▶ [INFORMATION]:
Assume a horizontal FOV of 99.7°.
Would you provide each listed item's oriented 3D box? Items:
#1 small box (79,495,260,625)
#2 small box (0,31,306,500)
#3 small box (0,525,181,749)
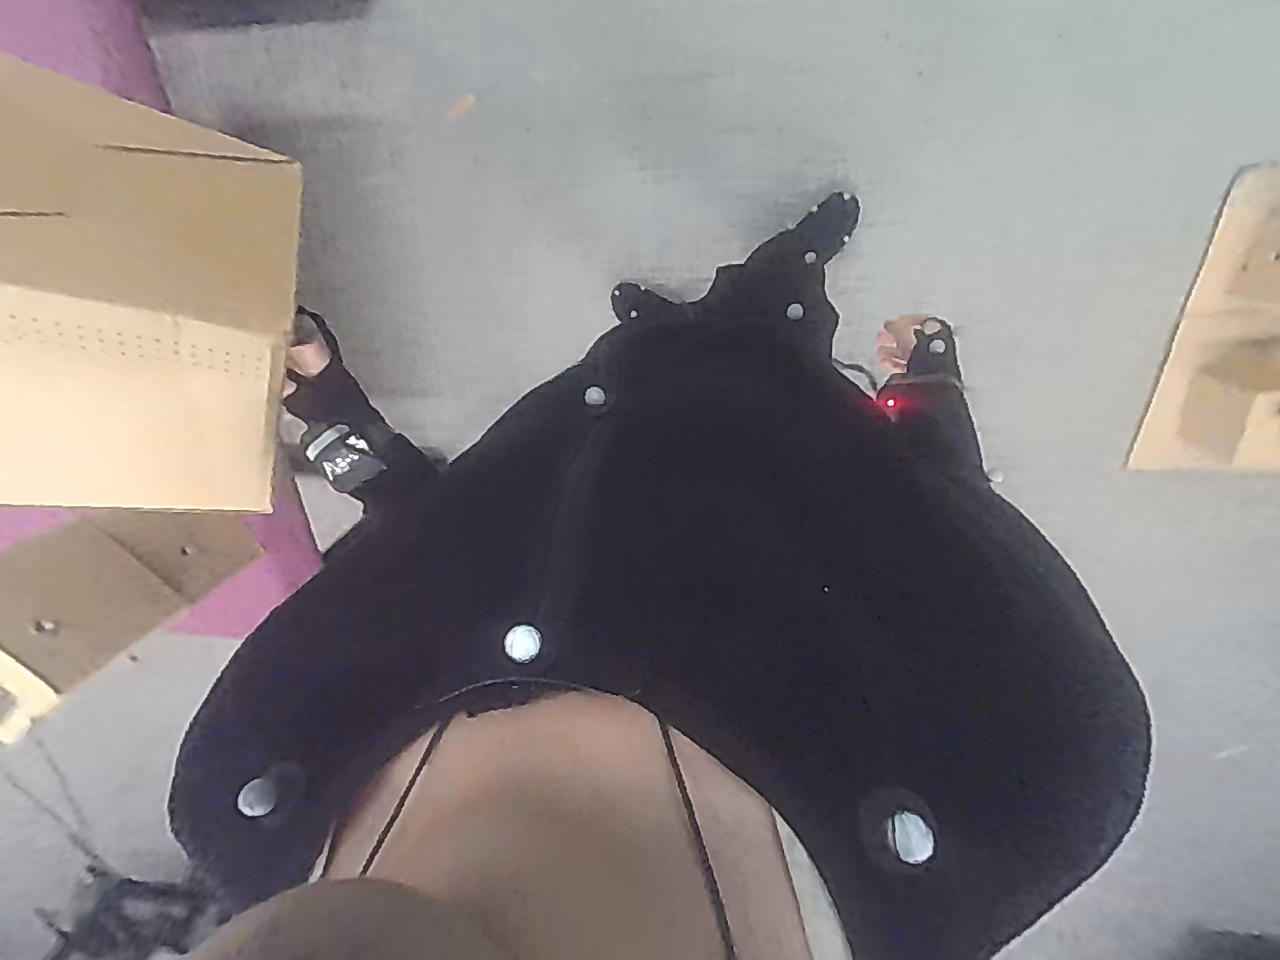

▶ [WHAT IS BEING ASKED]: In the copy you write, the data above must appear exactly, with no pictures.

▶ [WRITTEN SOLUTION]:
Assume a horizontal FOV of 99.7°.
Would you provide each listed item's oriented 3D box? Items:
#1 small box (79,495,260,625)
#2 small box (0,31,306,500)
#3 small box (0,525,181,749)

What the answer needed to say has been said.